Для равновесных водных растворов с образцами почвы, отобранными на расстоянии 450 м от комбината, биологический эффект от воздействия суммарных примесей загрязняющих веществ в почве на колеоптили пшеницы, мышей, кроликов и крыс составил 78; 0,007; 0,042 и 0,063%. Этим значениям биологического эффекта (B _e,i,) соответствует рассчитанная по формуле /5/ биологическая активность компонентов в растворе «B_a,i,s », равная соответственно 0,25; 9,563; 7,775 и 7,370. Из соотношения (B_a,i,s)_soil=(V _s/m_soil)B_a,i,s ) находят значения биологической активности компонентов в почве, которые для колеоптилей пшеницы, мышей, кроликов и крыс равны соответственно 0,05; 1,913; 1,555 и 1,474, а биологический эффект или процент выживших особей от воздействия компонентов в почве, рассчитанный по формуле /7/, составляет 95; 14,8; 21,1 и 22,9%.

Источники информации

1. Определение токсичности химических соединений, полимеров, материалов и изделий с помощью люминесцентного бактериального теста. Методические рекомендации. Минздрав России, М. 2000 г., 18 С.

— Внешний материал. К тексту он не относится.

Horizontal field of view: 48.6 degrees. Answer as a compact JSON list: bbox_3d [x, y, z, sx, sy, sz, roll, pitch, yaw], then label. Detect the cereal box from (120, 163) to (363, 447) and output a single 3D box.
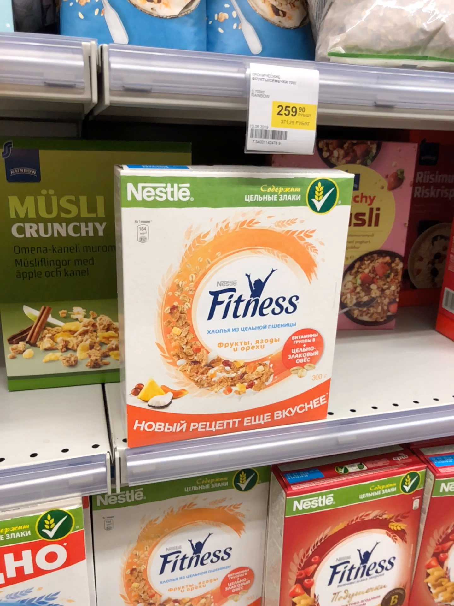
[{"bbox_3d":[0.009,0.000,0.442,0.190,0.229,0.050,-4,20,-18],"label":"cereal box"}]

2. Определение общей токсичности почв по интенсивности биолюминесценции бактерий. Методические рекомендации. Минздрав России, М. 2000 г., 21 С.

3. Унифицированные методы исследования качества воды. М.: СЭВ, 1983, с.232-245.

4. Беспамятнов Г.П., Кротов Ю.А. Предельно допустимые концентрации химических веществ в окружающей среде. Л. Химия, 1985, 528 с.

5. Патент RU (11) 2215291 (13) С1 Выдан 27.10.2003, Бюл. №30, Приоритет от 06.08.2002.